BONUS TIP: When in doubt, use surprise. According to Leper's Overjustification study, surprise rewards will always have a positive impact on motivation (at least when given out in plentiful number). The gains in motivation might be slight, but you'll avoid the risk of overjustification and always land on the positive end of motivation.
PRODUCTS
Any product is appropriate as an incentive item, but here's some advice on a few of the more common categories:
On High-quality Luxury Rewards, Such as Televisions or Electronics: They're a powerful way to create feelings of prestige and value. "Think of how many [people] would tell their friends and family that they got a new television because they exceeded expectations," said Billie Reise, director of marketing for Incentive Concepts, Maryland Heights, Mo. "Cash is forgettable. Giving an incentive will warrant years of enjoyment if you pick the right reward. The prize and the way it's delivered matter."
On Gift Cards: If you're having custom cards built, know that usage impacts design. "A lot of people think that all cards are created equal, but they're not," said Diane Morsch, director of sales and marketing for Bristol ID Technologies, Lima, N.Y. "How long are you going to be using these cards? Do you want them to be reused, or is it kind of like a one-time incentive? You may want something a little more durable if something is going to be used over and over." She also noted that custom shapes, how the card will be read (magnetic strips versus barcodes, etc.) and even how it will be displayed can impact card design as well.
On Trophies and Crystal Awards: "Selling awards differs from selling promotional products in a few important ways," said Chuck Dahlgren, president of Crystal D, St.
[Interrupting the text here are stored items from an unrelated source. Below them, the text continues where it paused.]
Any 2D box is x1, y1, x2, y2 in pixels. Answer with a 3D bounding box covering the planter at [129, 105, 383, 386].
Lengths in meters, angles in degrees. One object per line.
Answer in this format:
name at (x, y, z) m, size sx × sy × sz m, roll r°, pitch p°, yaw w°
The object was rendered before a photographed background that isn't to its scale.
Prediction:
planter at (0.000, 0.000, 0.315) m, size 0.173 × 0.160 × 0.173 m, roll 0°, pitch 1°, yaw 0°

Paul, Minn. "First, award sales do not follow the typical promotional products selling cycle that peaks during [the] third and fourth quarter[s]. On the contrary, most awards are bought, sold and delivered during [the] first and second quarter[s]. This means that the awards season is about to take off—if distributors want to sell awards they need to start prospecting now."
He continued, "Another key difference is that distributors can expect higher margins selling awards. The average margin for a crystal award can be as high as 40 percent-to-45 percent, while the average margin for a promotional product can be as low as 20 percent. This makes selling awards more lucrative for the distributor."
BONUS TIP: Access to an art department can help with small-business sales. "We're finding that some of the smaller retail establishments, like restaurants or [similar businesses] that want to get into an actual gift card as opposed to a paper certificate, may not have the in-house resources to do something really nice and upscale for their card," Morsch observed. "So some of our resellers enlist our help in the design of it. We do have an in-house graphic design department. They take care of the proofing and the technicalities once the orders come in, but they can also take care of the design of a piece."